This is the create collection function in core - it looks like it's using collection serializer. If you look in create_item above, it's using prep_create_item.

jonhealy1 commented 2 months ago

Most of the logic is here in serializers - https://github.com/stac-utils/stac-fastapi-elasticsearch-opensearch/blob/main/stac_fastapi/core/stac_fastapi/core/serializers.py

pedro-cf commented 2 months ago

Ok the issue seems to be that in the this stac-fastapi.core.TransactionsClient.create_item the return is the stac_types.Item in Line 680

https://github.com/stac-utils/stac-fastapi-elasticsearch-opensearch/blob/c8a07aed3a8734e65861f69ee946cee272061fbe/stac_fastapi/core/stac_fastapi/core/core.py#L643-L680

when it should be returning ItemSerializer.db_to_stac(item, base_url)

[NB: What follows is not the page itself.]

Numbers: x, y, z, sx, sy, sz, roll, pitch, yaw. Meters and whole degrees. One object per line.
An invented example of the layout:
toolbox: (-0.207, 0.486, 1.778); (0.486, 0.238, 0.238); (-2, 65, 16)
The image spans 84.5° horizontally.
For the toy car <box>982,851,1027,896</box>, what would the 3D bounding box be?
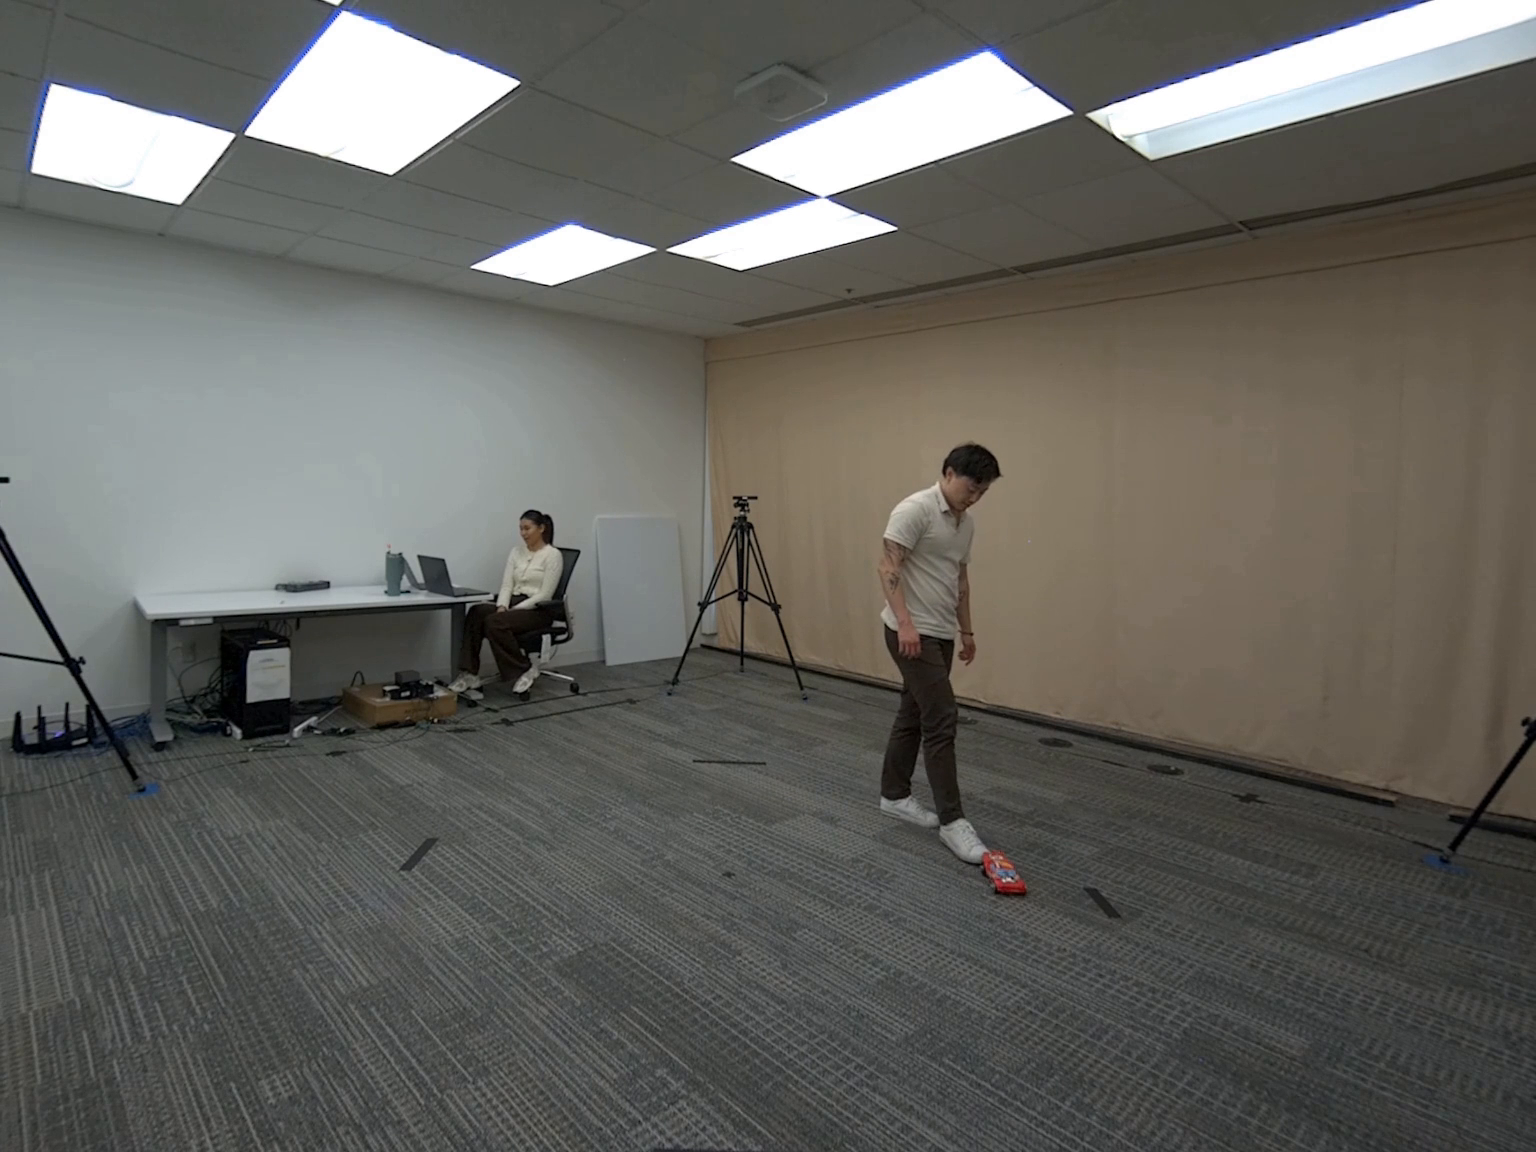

just like it does in create_collection/update_collection and update_item (I was wrong update_item actually returns the proper item with links)

https://github.com/stac-utils/stac-fastapi-elasticsearch-opensearch/blob/c8a07aed3a8734e65861f69ee946cee272061fbe/stac_fastapi/core/stac_fastapi/core/core.py#L683-L709

Updating stac-fastapi.core.TransactionsClient.create_item with:

            item = await self.database.prep_create_item(item=item, base_url=base_url)
            await self.database.create_item(item, refresh=kwargs.get("refresh", False))
            # return item
            return ItemSerializer.db_to_stac(item, base_url)

does seem to fix the issue, but I'm not sure if it creates bugs elsewhere... even though tests seem to pass.

jonhealy1 commented 2 months ago

Definitely makes sense I think